Through the code above is basically realized the function of single user logged in, but will find ajax requested operation is not able to login in other cities to the login page and no prompt information, first one reason, because your ajax in an asynchronous request, but also match the request in the processor mapper url so it will be seen as the request is successful (return a status code of 200) and the above response printed js statement will become success request is successful, the return value, you can try 1 under the above this sentence: arg1.setStatus(arg1.SC_GATEWAY_TIMEOUT); Commented out. There are a few other things you need to do, starting with the statement arg1.setStatus (arg1.SC_ES95en_TIMEOUT); His function is to set the status code returned by response. The above setting means that the status code 504 will be returned to represent the error of the request. At this time, the ajax request will no longer respond to the success method, but will respond to the error method of ajax.
$.ajax({
url:'new/msd2',
success:function(a){
alert(a);
},
error:function(rs){
if(rs.status==504){
document.write(rs.responseText);
}
}
}); Set arg1.setStatus (arg1.es111EN_ES112en_ES113en) when ajax request is blocked due to remote login.
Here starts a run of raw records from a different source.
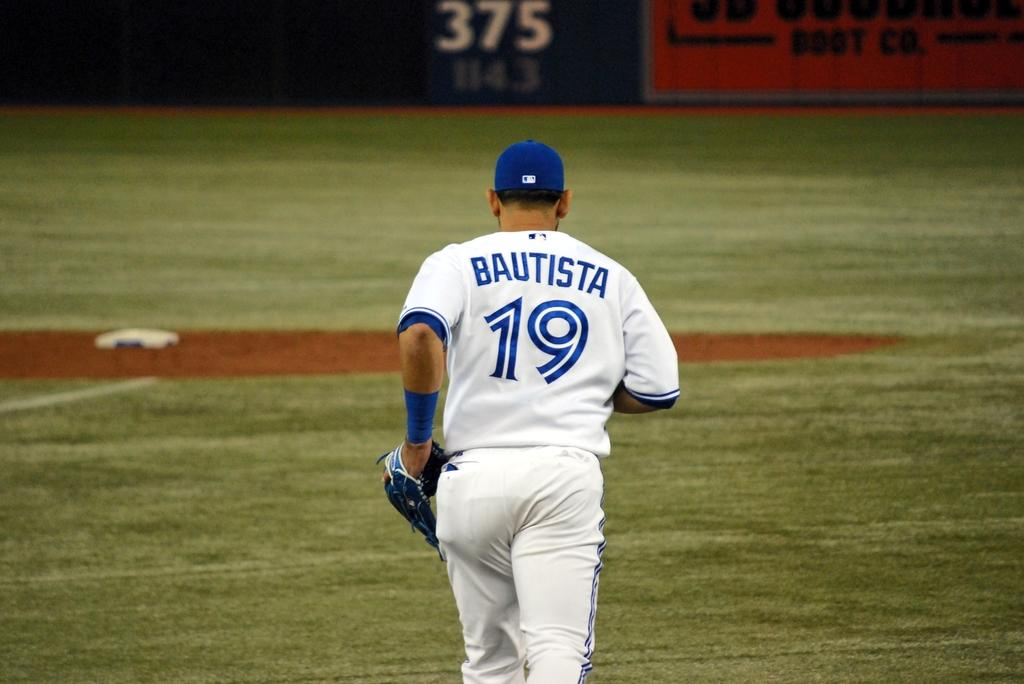<image>
Provide a brief description of the given image. A baseball player is jogging on the field and his shirt says Bautista 19. 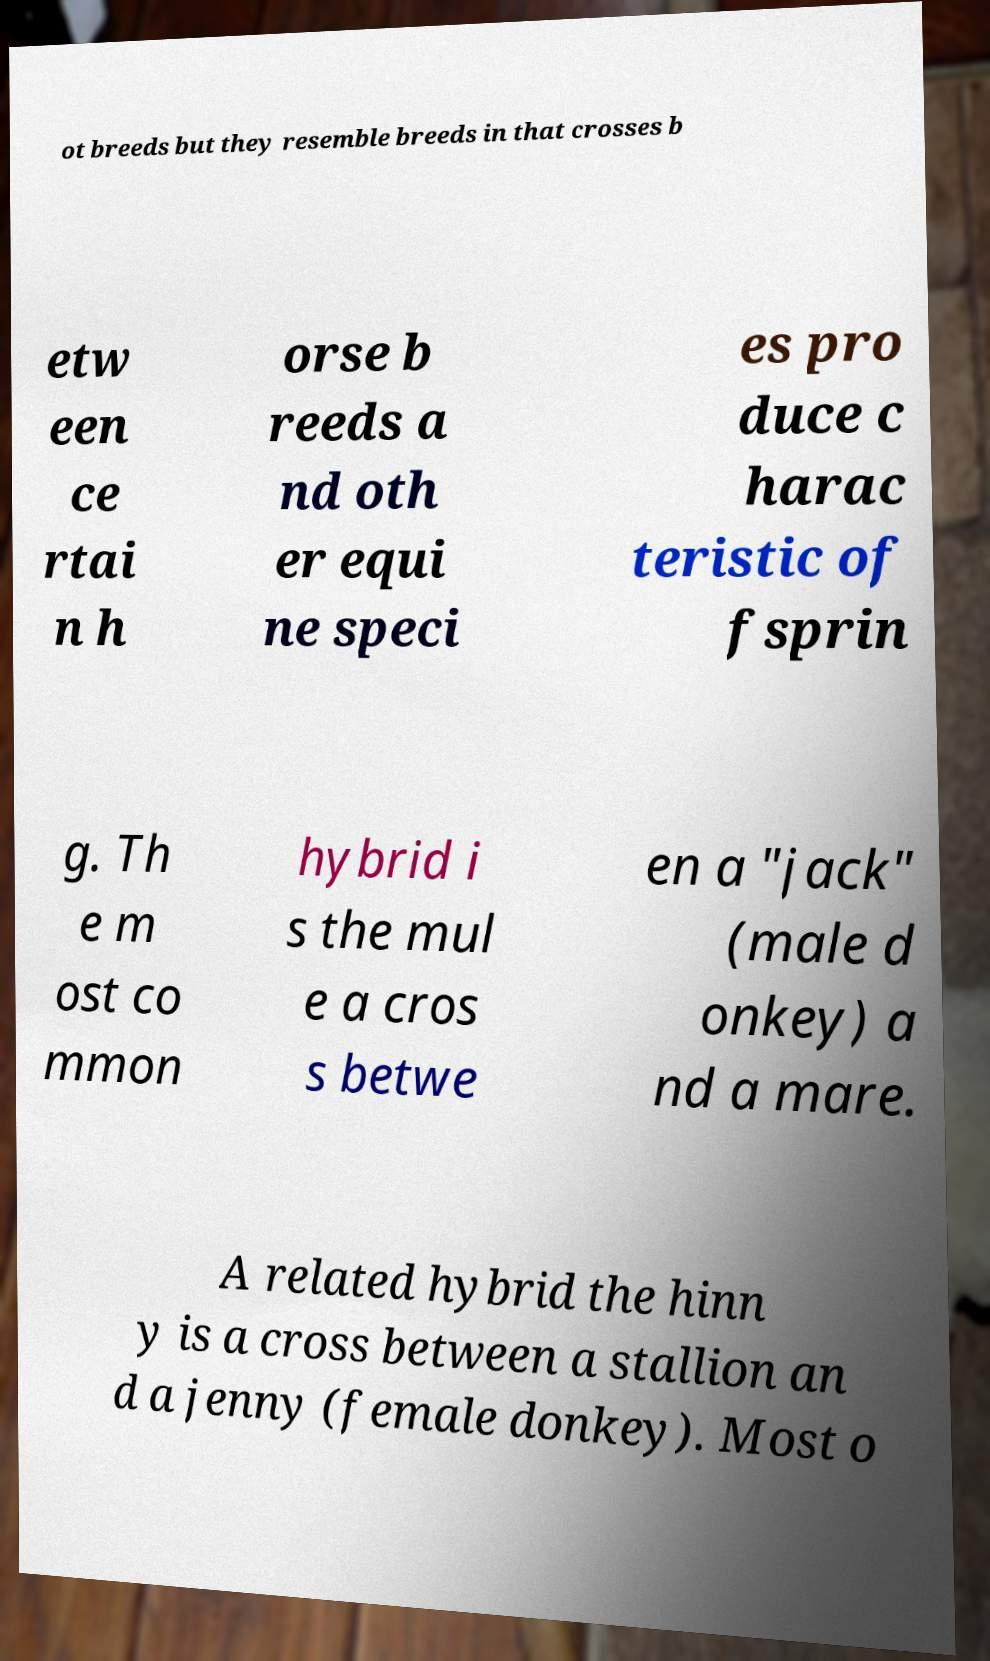There's text embedded in this image that I need extracted. Can you transcribe it verbatim? ot breeds but they resemble breeds in that crosses b etw een ce rtai n h orse b reeds a nd oth er equi ne speci es pro duce c harac teristic of fsprin g. Th e m ost co mmon hybrid i s the mul e a cros s betwe en a "jack" (male d onkey) a nd a mare. A related hybrid the hinn y is a cross between a stallion an d a jenny (female donkey). Most o 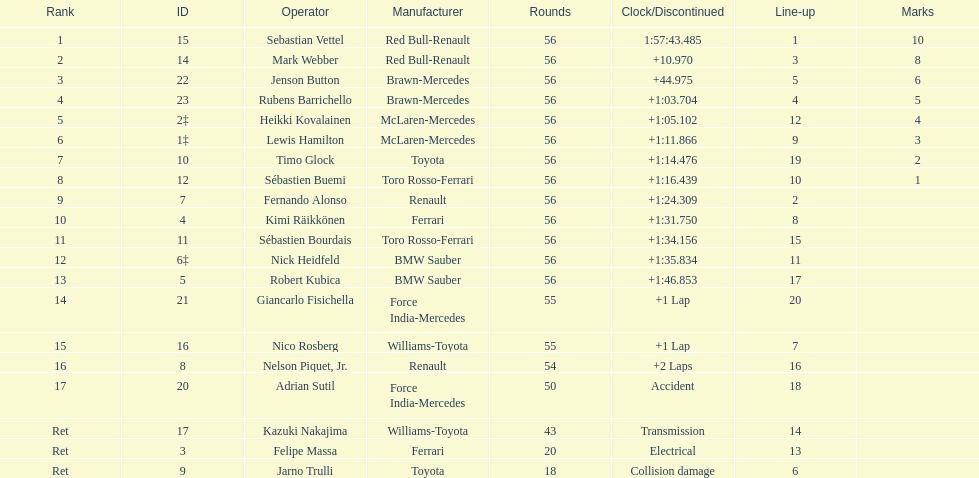Which driver is the exclusive driver who retired as a result of collision damage? Jarno Trulli.

The return status of the request can be changed to 504 error, and then error method will respond, and document. write(ES117en. responseText) when the status is determined to be the status code set by itself; responseText is the js statement printed to the foreground in the interceptor. For these statements to execute, document.write () is required. Method to write that code to dom to make it work, so far, all requests, asynchronous ajax requests for single sign-on have been basically implemented.
Leave this article to record only the key code and the thought and principle of operation
conclusion
That's it for the SpringMVC interceptor implementation, and I hope you found it helpful. If there is any deficiency, please let me know. Thank you for your support to this site.